- Born: 673 CE Medina
- Died: 10 Muharram 61 AH (10 October 680 CE) Karbala, Iraq
- Parents: Muslim ibn Aqil (father); Ruqayya bint Ali (mother);

= Atika bint Muslim =

Daughter of Muslim ibn aqil

Atika bint Muslim (عَاتِكَةُ بِنْتُ مُسْلِمِ), c. 673680), was the daughter of Muslim ibn Aqil, the son of Aqil ibn Abi Talib. Muslim ibn Aqil served as the envoy of Husayn ibn Ali to Kufa. Her mother was Ruqayyah bint Ali ibn Abi Talib, the daughter of Ali ibn Abi Talib.

==Battle of Karbala and death (680)==
She was born in Medina in 673 AH and was killed during the events of the Battle of Karbala in 680 CE.

After the killing of Husayn ibn Ali in the Battle of Karbala, the Umayyad army under the command of Umar ibn Sa'd attacked the camp of Husayn's family, looting and plundering it.
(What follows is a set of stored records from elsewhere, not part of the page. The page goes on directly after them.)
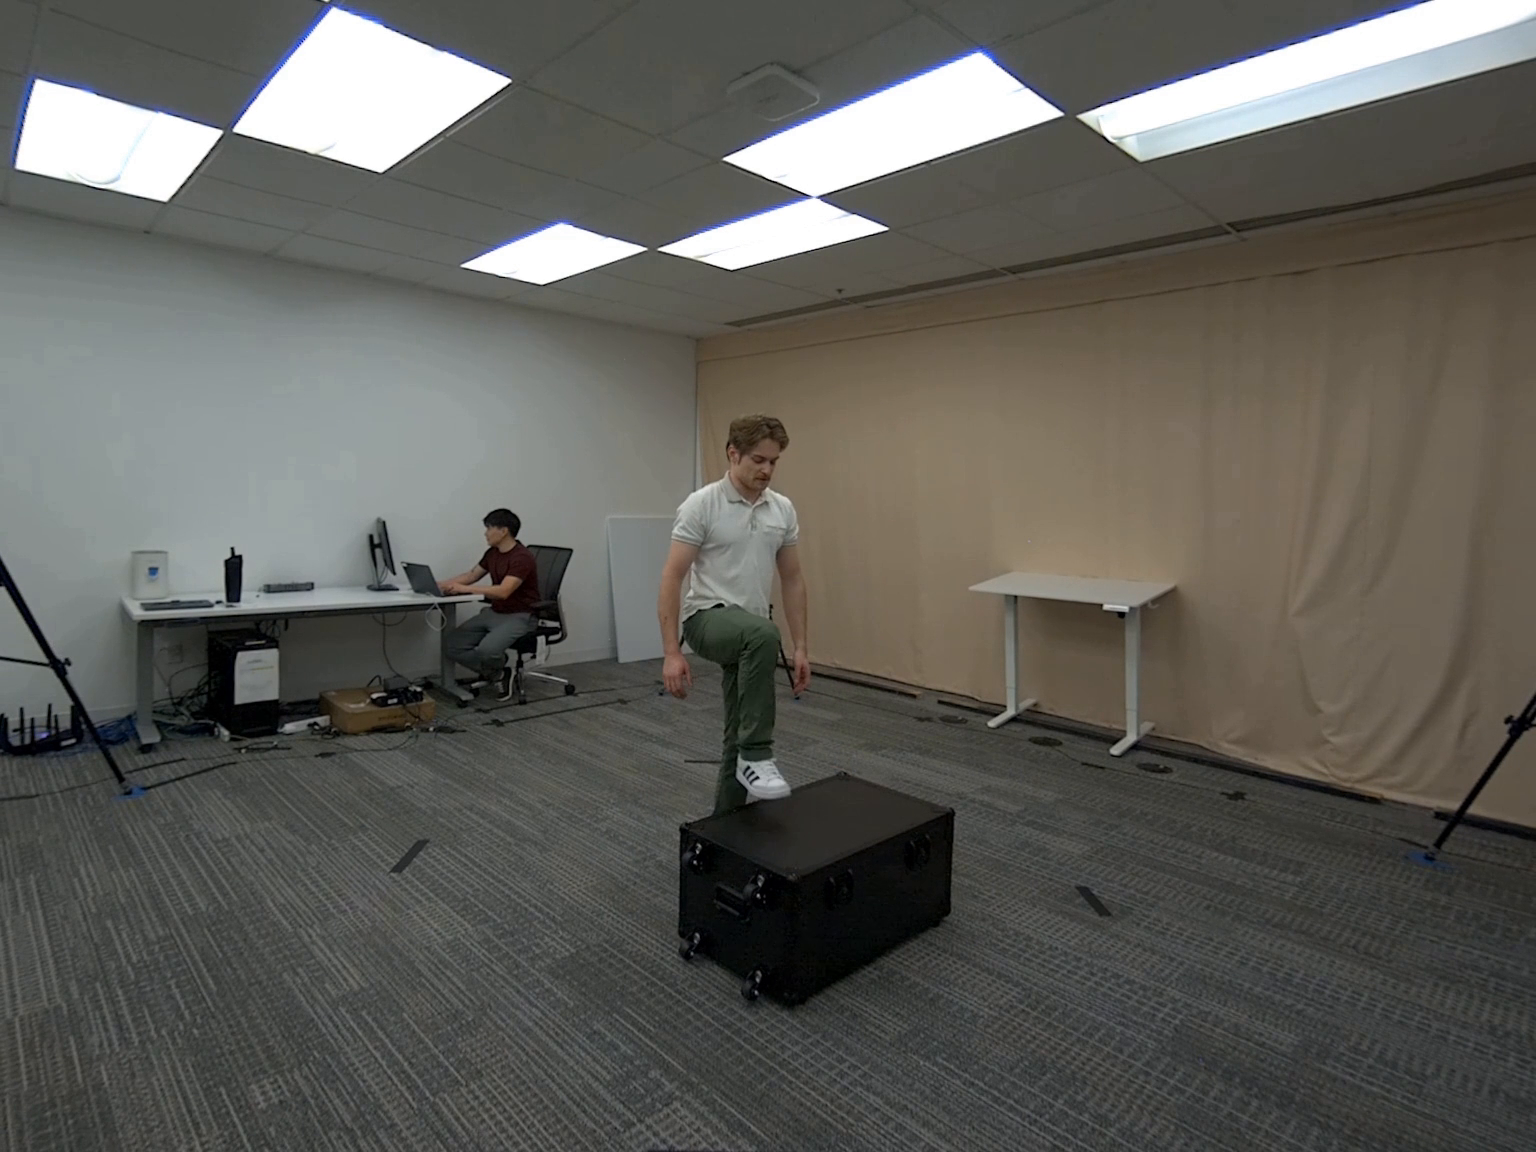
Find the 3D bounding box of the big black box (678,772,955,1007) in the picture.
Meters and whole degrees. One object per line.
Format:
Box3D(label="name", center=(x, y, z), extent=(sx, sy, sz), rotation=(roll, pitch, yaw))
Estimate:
Box3D(label="big black box", center=(0.133, 0.954, 2.677), extent=(0.849, 0.384, 0.537), rotation=(-4, 8, -44))
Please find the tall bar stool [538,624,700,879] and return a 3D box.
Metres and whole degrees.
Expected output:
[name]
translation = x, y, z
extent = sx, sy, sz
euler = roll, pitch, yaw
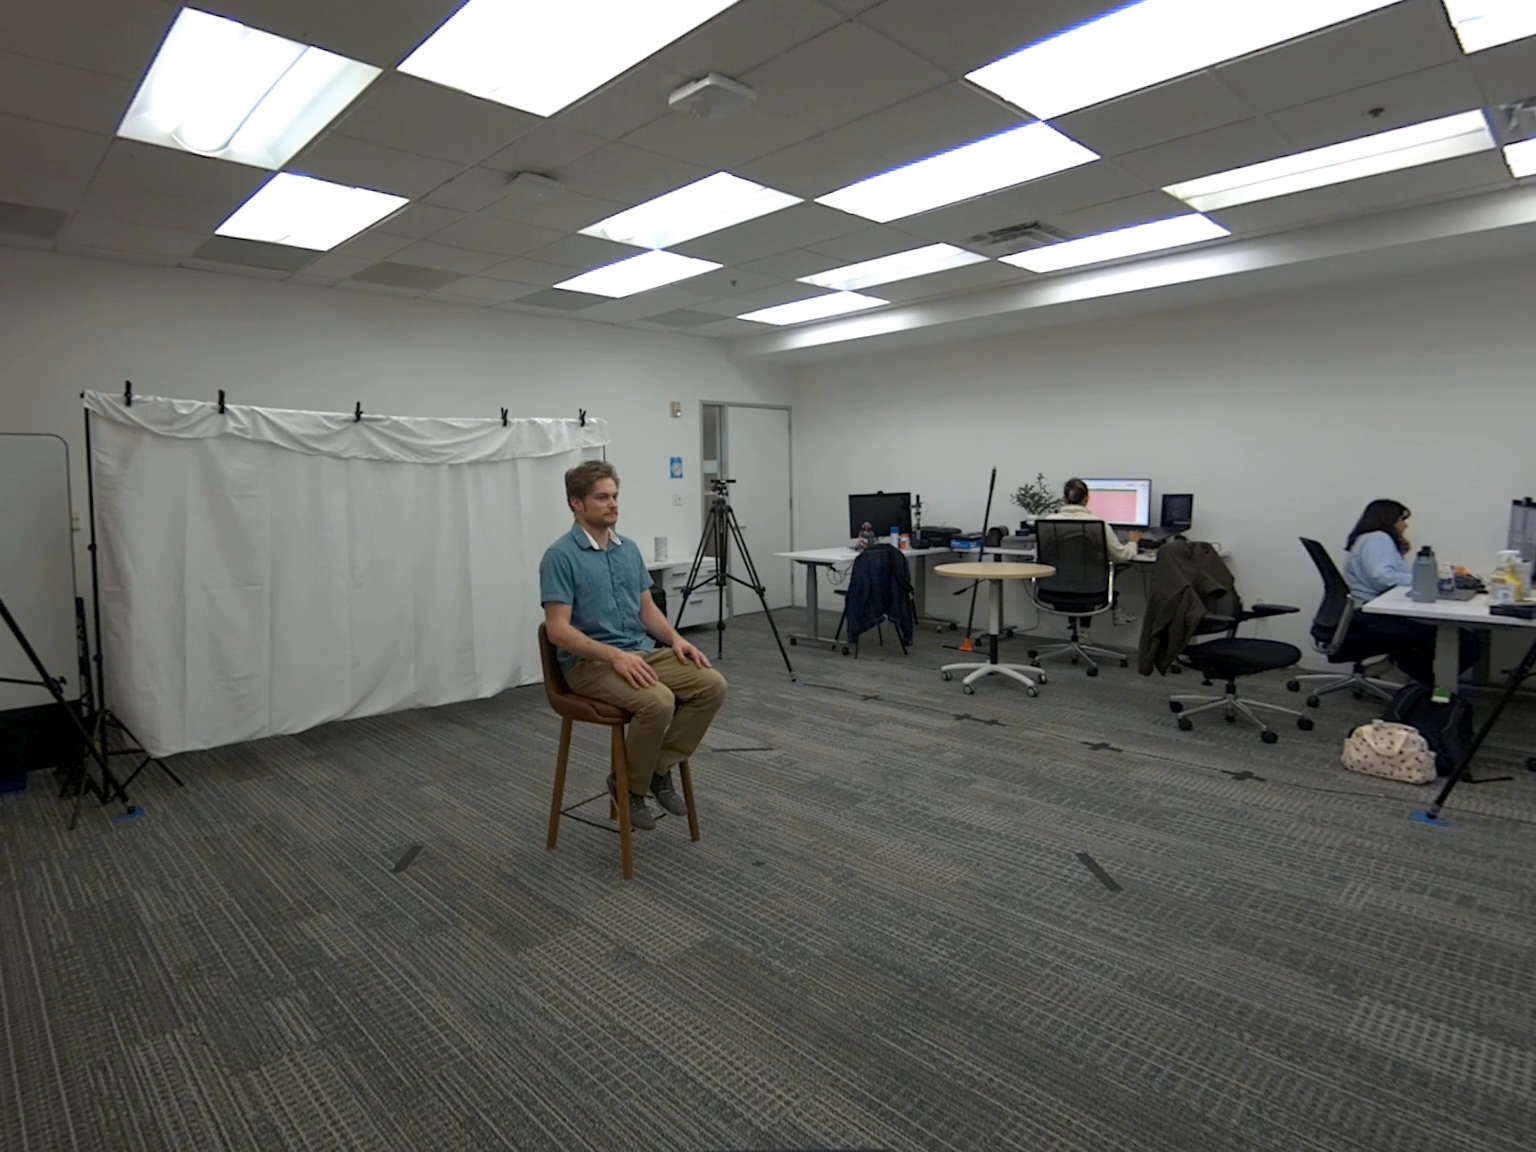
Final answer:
[tall bar stool]
translation = -0.579, 0.601, 3.284
extent = 0.480, 0.888, 0.445
euler = -1, 2, 36
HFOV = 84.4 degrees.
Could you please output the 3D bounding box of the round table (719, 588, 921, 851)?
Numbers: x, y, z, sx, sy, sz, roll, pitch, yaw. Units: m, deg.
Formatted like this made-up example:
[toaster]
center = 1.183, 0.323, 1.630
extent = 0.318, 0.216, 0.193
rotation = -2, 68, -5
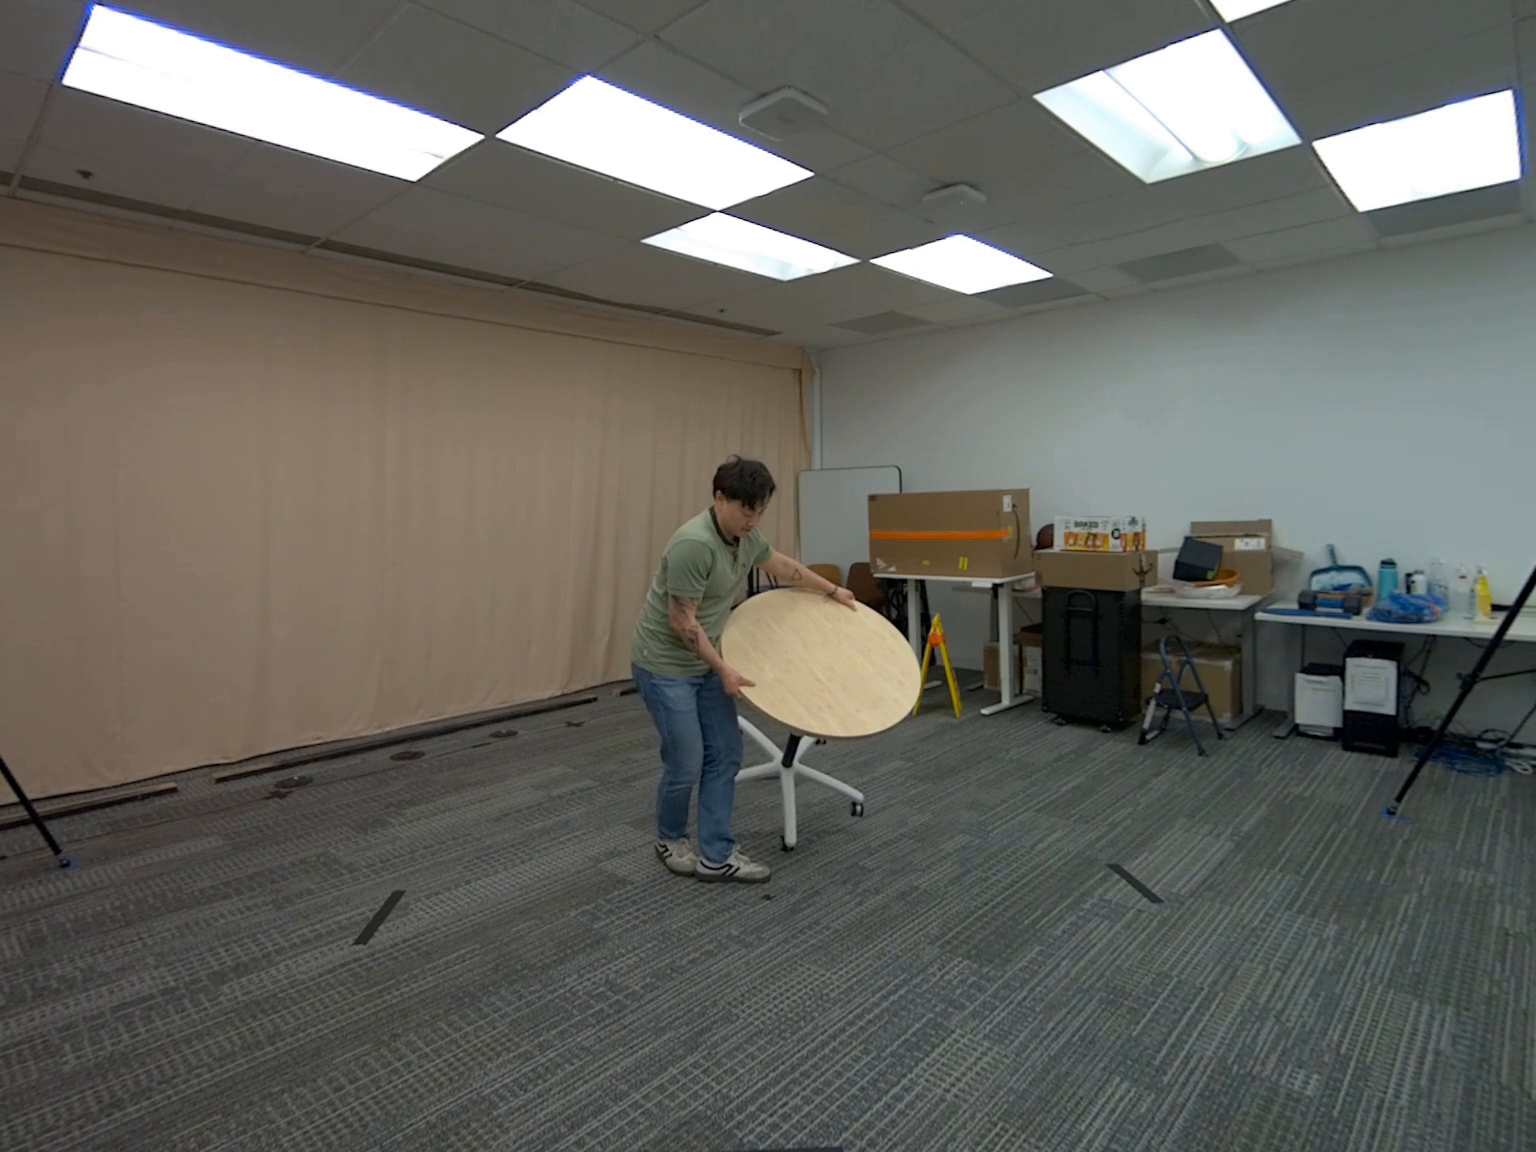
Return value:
[round table]
center = 0.133, 0.596, 3.414
extent = 0.758, 0.785, 0.778
rotation = 7, 38, -7
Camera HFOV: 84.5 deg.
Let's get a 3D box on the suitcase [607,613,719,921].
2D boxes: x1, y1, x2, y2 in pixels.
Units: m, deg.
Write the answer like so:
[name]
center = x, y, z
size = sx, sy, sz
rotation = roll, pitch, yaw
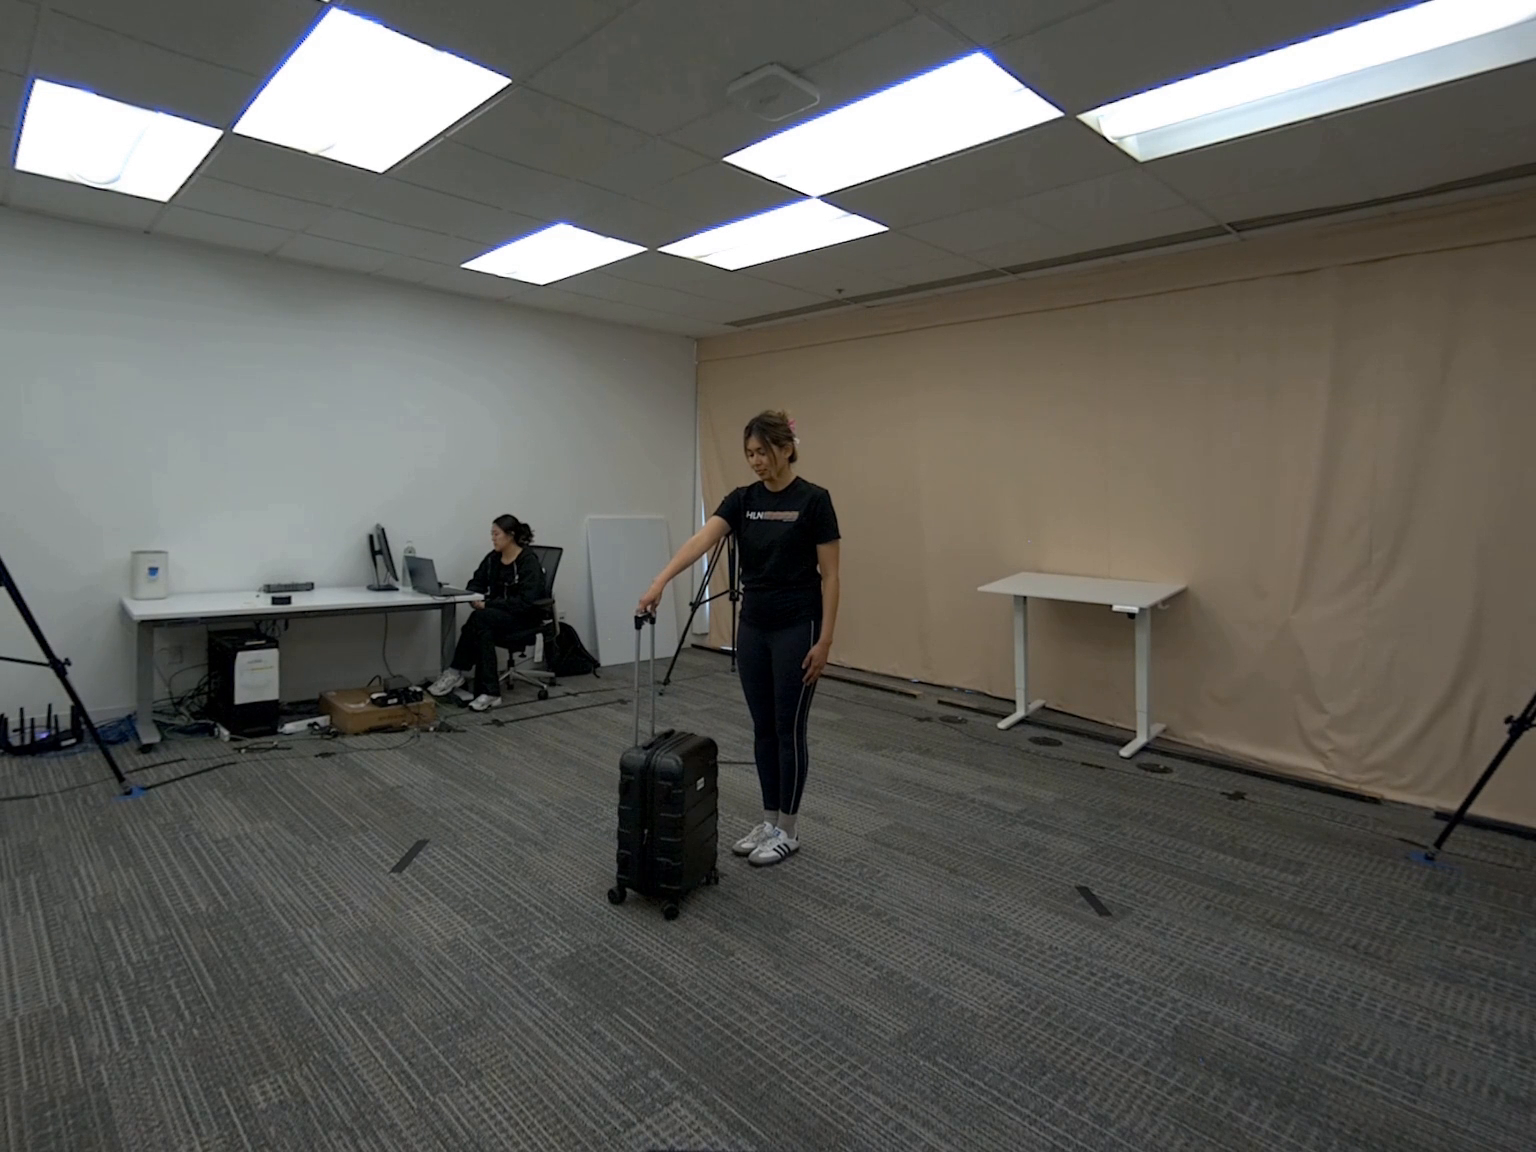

During the attack, horses trampled and crushed the body of Atika bint Muslim. She was seven years old. Alongside her were six other children, including Sa'd and Aqil, the sons of Abd al-Rahman ibn Aqil, who was her uncle; her cousin Muhammad ibn Abi Sa'id ibn Aqil; and two daughters of her maternal uncle Hasan ibn Ali.